From the swarm plot, we can see that the prices are concentrated around the 0\$ - 200\$ dollars interval. 

The beautiful boxplot between price and neighbourhood tells us which are the most affordable neighbourhoods and which are the most premium ones and also distribution is consistent so it could mean that this feature play some crucial rolew towards ouyr model.

The boxplot between room_type and price shows a very realisitic thing that the complete apartment or property will be expensive in compare to private and shared rooms also there is not much difference between the price for a private and a shared room so one can go for private room for most of the time.

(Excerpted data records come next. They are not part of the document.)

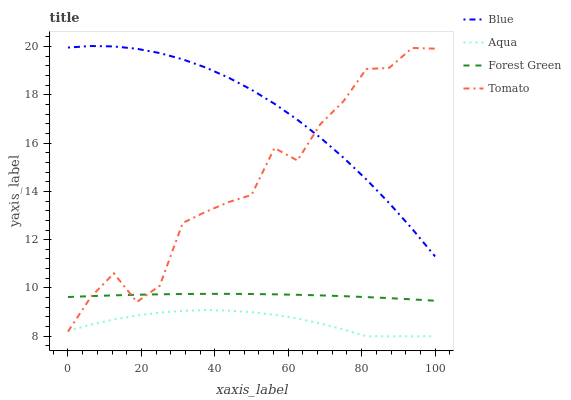Does Aqua have the minimum area under the curve?
Answer yes or no. Yes. Does Blue have the maximum area under the curve?
Answer yes or no. Yes. Does Tomato have the minimum area under the curve?
Answer yes or no. No. Does Tomato have the maximum area under the curve?
Answer yes or no. No. Is Forest Green the smoothest?
Answer yes or no. Yes. Is Tomato the roughest?
Answer yes or no. Yes. Is Tomato the smoothest?
Answer yes or no. No. Is Forest Green the roughest?
Answer yes or no. No. Does Aqua have the lowest value?
Answer yes or no. Yes. Does Tomato have the lowest value?
Answer yes or no. No. Does Blue have the highest value?
Answer yes or no. Yes. Does Tomato have the highest value?
Answer yes or no. No. Is Aqua less than Forest Green?
Answer yes or no. Yes. Is Blue greater than Forest Green?
Answer yes or no. Yes. Does Tomato intersect Blue?
Answer yes or no. Yes. Is Tomato less than Blue?
Answer yes or no. No. Is Tomato greater than Blue?
Answer yes or no. No. Does Aqua intersect Forest Green?
Answer yes or no. No.

And last, from the bedrooms/price box plot, the prices are split in a consistent way. That could be another interesting feature for the model because, for example, decision trees find the best feature splits to model the prices distribution according to the predictor features. This graph indicates that the price of the property increases as the number of bedrooms increases (A kind of obvious observation) but with some different behaviour around 7 to 10 bedrooms since there is probably a limited amount of listings with that number of bedrooms.